Dataset records:
==*==
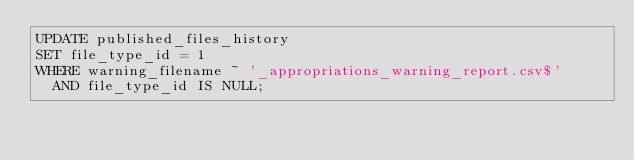<code> <loc_0><loc_0><loc_500><loc_500><_SQL_>UPDATE published_files_history
SET file_type_id = 1
WHERE warning_filename ~ '_appropriations_warning_report.csv$'
  AND file_type_id IS NULL;
</code> 
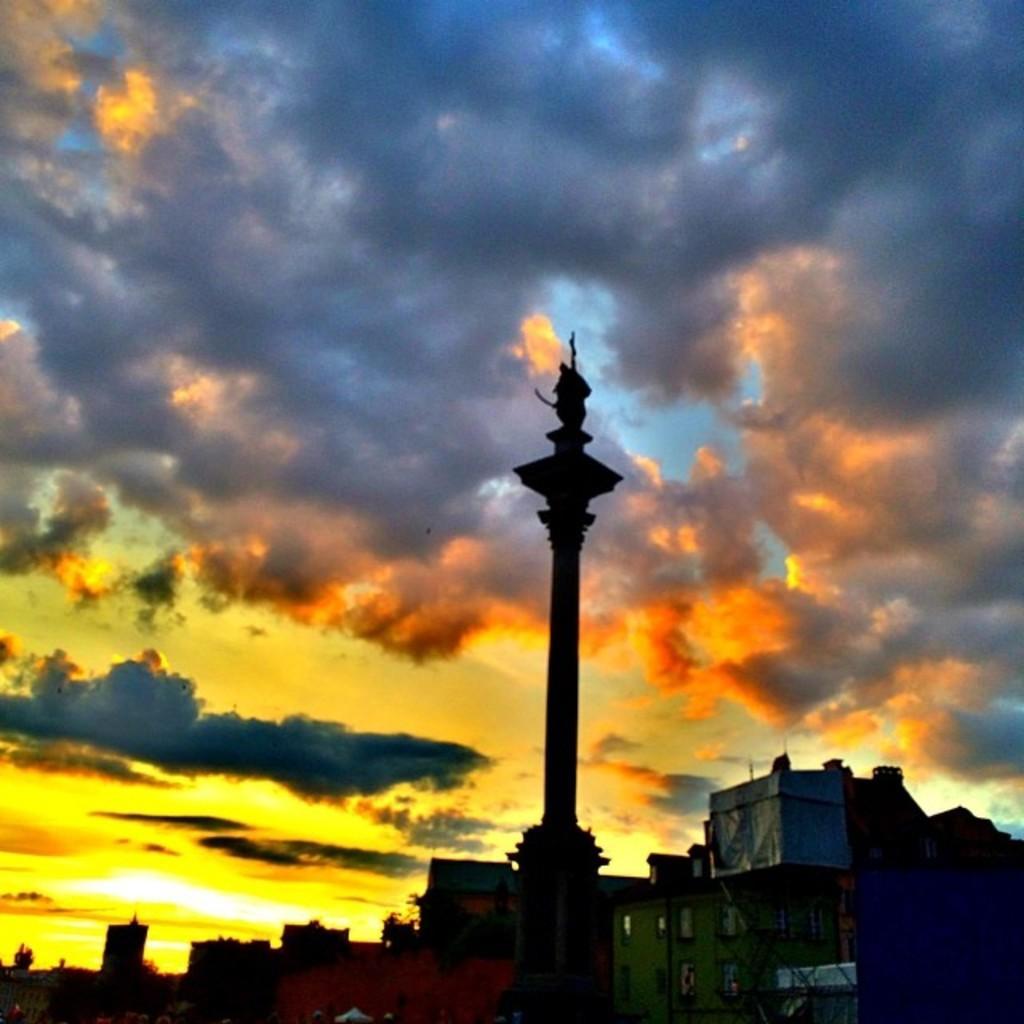Could you give a brief overview of what you see in this image? In this image we can see a pole, houses, at the top we can see the sky with clouds. 
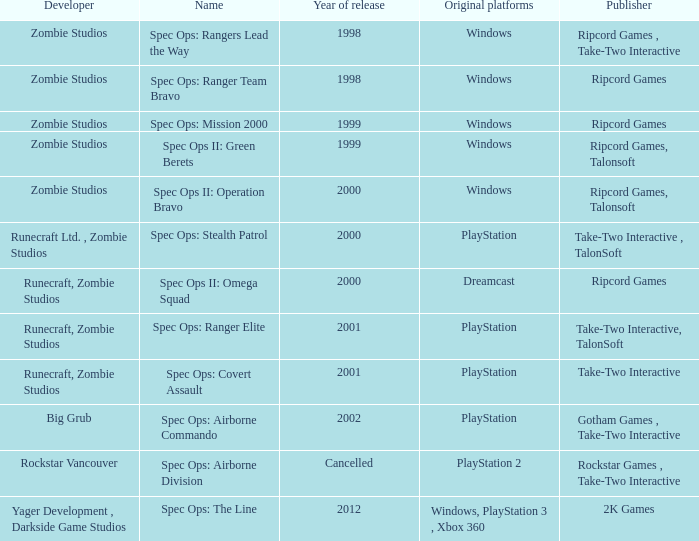Which publisher has release year of 2000 and an original dreamcast platform? Ripcord Games. 
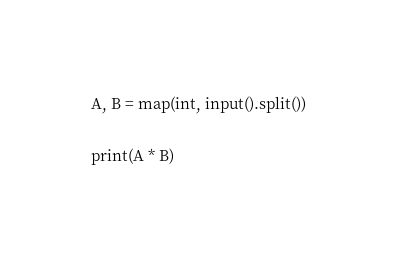<code> <loc_0><loc_0><loc_500><loc_500><_Python_>A, B = map(int, input().split())

print(A * B)</code> 
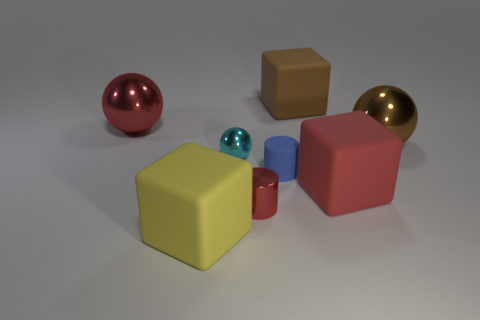Are there any objects of the same color as the small matte cylinder?
Offer a terse response. No. How many things are either big matte objects in front of the red metallic sphere or large cyan metallic balls?
Your response must be concise. 2. Is the material of the small sphere the same as the big brown object that is behind the brown sphere?
Ensure brevity in your answer.  No. What is the size of the rubber cube that is the same color as the shiny cylinder?
Offer a very short reply. Large. Is there a big yellow object made of the same material as the blue object?
Your response must be concise. Yes. How many things are matte things that are on the right side of the red metallic cylinder or rubber objects on the right side of the cyan ball?
Keep it short and to the point. 3. Does the red rubber object have the same shape as the big metallic thing that is to the left of the matte cylinder?
Provide a succinct answer. No. How many other objects are there of the same shape as the yellow object?
Offer a very short reply. 2. How many things are either tiny yellow rubber balls or blocks?
Keep it short and to the point. 3. Is the color of the tiny rubber thing the same as the small ball?
Provide a short and direct response. No. 
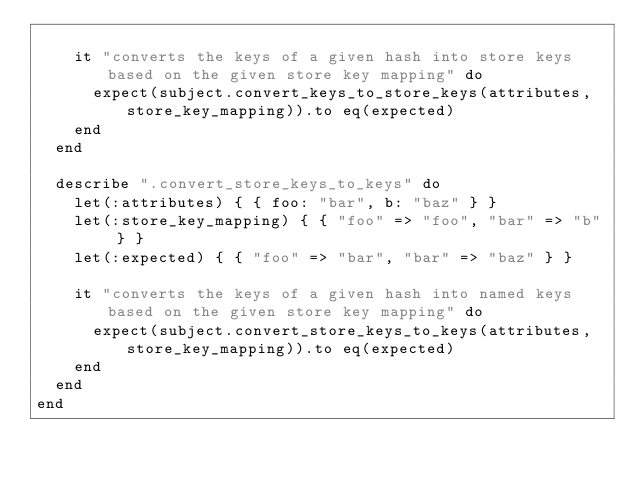Convert code to text. <code><loc_0><loc_0><loc_500><loc_500><_Ruby_>
    it "converts the keys of a given hash into store keys based on the given store key mapping" do
      expect(subject.convert_keys_to_store_keys(attributes, store_key_mapping)).to eq(expected)
    end
  end

  describe ".convert_store_keys_to_keys" do
    let(:attributes) { { foo: "bar", b: "baz" } }
    let(:store_key_mapping) { { "foo" => "foo", "bar" => "b" } }
    let(:expected) { { "foo" => "bar", "bar" => "baz" } }

    it "converts the keys of a given hash into named keys based on the given store key mapping" do
      expect(subject.convert_store_keys_to_keys(attributes, store_key_mapping)).to eq(expected)
    end
  end
end
</code>
==*==
Task requirements: Each line holding "Provide" in the records should be copied out.

Solution to this exercise:
Provide a succinct answer. No. How many other objects are there of the same shape as the yellow object?
Provide a short and direct response. No. 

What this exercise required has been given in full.